A blockstor CRD has two halves:
- Spec is desired state. Operators, REST handlers, and the controller's own placement logic write here. The satellite never writes Spec.
- Status is observed state. The satellite (and the controller's allocators that derive values from Spec) write here. The user-facing REST API never writes Status — it returns it read-only.
The rule:
Anything the satellite reads from the kernel (
drbdsetup events2,drbdadm status,lvs, …) lives on Status. Anything the operator or controller asks the satellite to do lives on Spec.
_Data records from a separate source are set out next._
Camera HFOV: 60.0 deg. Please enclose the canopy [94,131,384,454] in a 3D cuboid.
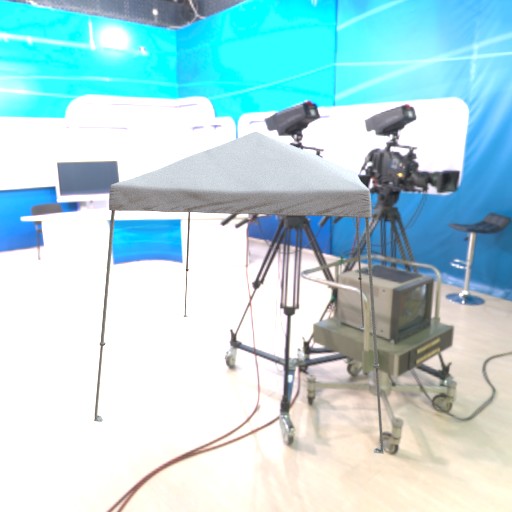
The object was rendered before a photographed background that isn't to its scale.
[{"bbox_3d":[0.000,0.000,5.254,2.849,2.850,2.850,2,15,9],"label":"canopy"}]
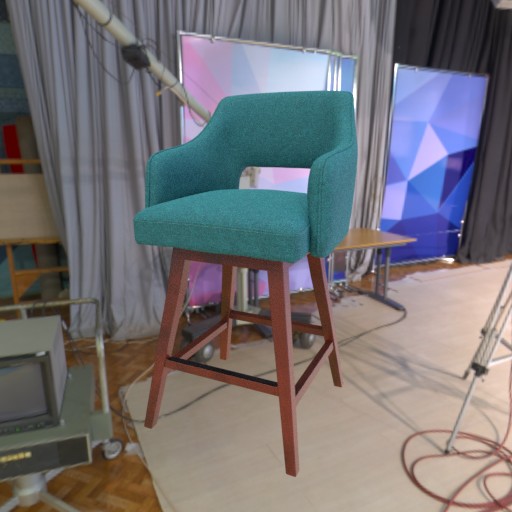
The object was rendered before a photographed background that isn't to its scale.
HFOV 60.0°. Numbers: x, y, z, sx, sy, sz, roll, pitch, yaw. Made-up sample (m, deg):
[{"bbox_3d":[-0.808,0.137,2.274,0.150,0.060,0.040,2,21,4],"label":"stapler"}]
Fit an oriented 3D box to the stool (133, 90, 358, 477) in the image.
[{"bbox_3d":[0.000,0.000,1.315,0.548,0.961,0.556,7,17,24],"label":"stool"}]

A naive whole-object Update is unsafe whenever both halves are
written by different actors — a Spec mutation in flight would
clobber a concurrent Status write and vice versa. Status writes
must go through the Status subresource (Status().Update());
Spec writes use the regular Update() path.
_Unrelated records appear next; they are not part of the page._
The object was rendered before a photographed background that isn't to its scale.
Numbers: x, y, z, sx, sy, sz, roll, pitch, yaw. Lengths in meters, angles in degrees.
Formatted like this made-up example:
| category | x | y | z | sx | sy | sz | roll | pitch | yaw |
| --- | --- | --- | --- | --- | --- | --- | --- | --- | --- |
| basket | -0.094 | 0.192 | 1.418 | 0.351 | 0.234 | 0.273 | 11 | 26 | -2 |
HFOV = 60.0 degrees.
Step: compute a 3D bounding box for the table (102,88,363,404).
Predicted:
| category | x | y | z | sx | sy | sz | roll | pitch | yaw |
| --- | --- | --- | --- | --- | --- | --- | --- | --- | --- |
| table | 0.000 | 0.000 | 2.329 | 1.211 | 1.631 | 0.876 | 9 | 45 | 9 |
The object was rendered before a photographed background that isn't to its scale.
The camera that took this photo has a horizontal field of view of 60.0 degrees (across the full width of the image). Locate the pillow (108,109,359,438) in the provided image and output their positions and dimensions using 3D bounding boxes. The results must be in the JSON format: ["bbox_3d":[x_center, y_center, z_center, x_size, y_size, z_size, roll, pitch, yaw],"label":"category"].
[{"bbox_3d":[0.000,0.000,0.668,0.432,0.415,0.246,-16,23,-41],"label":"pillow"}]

This rule is enforced by code review for now; with Phase 10.2 landed, the satellite-side reconciler's writes naturally route through Status only, making the invariant mechanical.
| Field | Half | Rationale |
|---|---|---|
Resource.Spec.NodeName |
Spec | Operator-chosen placement target. |
Resource.Spec.Flags |
Spec | DISKLESS / TIE_BREAKER are operator-controlled. |
Resource.Spec.StoragePool |
Spec | Allocator output written by controller. |
Resource.Spec.Volumes[i].SeedFromGi |
Spec | Controller-picked DRBD GI to stamp on first activation. |
Resource.Status.InUse |
Status | Reflects drbdsetup status role. |
Resource.Status.DrbdState |
Status | Reflects events2 connection state. |
Resource.Status.DRBDPort / DRBDMinor / DRBDNodeID |
Status | Allocator-derived; immutable per replica once set. |
Resource.Status.Volumes[i].DiskState |
Status | Per-volume kernel state. |
Resource.Status.Volumes[i].CurrentGi |
Status | DRBD generation identifier observed by the satellite. |
Node.Status.ConnectionStatus |
Status | Set on Hello — reflects whether the satellite has dialled in. |
A field that fits neither half (rare — typically a transient debounce hint) lives in an annotation, not Spec or Status.
Some Status fields are written by both the controller (e.g.
allocator output → DRBDPort) and the satellite (e.g.
DiskState, CurrentGi). A regular .Status().Update() from
either side rewrites the whole Status subresource, which can
clobber the other side's writes that landed between Get and
Update.
Phase 10.2 routed those writes through Kubernetes Server-Side
Apply with distinct field managers (blockstor-controller,
blockstor-satellite) so each side only touches the fields it
owns. See pkg/store/k8s/resources.go SetState for the
satellite-side writer; the controller-side writer lives in
internal/controller.
DRBD configuration follows an upstream-LINSTOR-shaped override chain:
Controller → ResourceGroup → ResourceDefinition → Resource
(broadest) (narrowest)
Lower scopes override higher scopes per non-nil field. The typed
implementation lives in pkg/drbd/typed_resolver.go
(ResolveDRBDOptions); the legacy string-keyed implementation
(ResolveOptions) is still used as a fallback for any
Spec.Props data not yet migrated to the typed DRBDOptions
struct. See internal/controller/resource_controller.go's
resolveEffectiveProps for the merge.
*int32 and *bool use nil-vs-set discipline:
nilmeans "not overridden at this scope, inherit from parent".- Any non-nil value (including the zero value) means "explicitly set, do not inherit".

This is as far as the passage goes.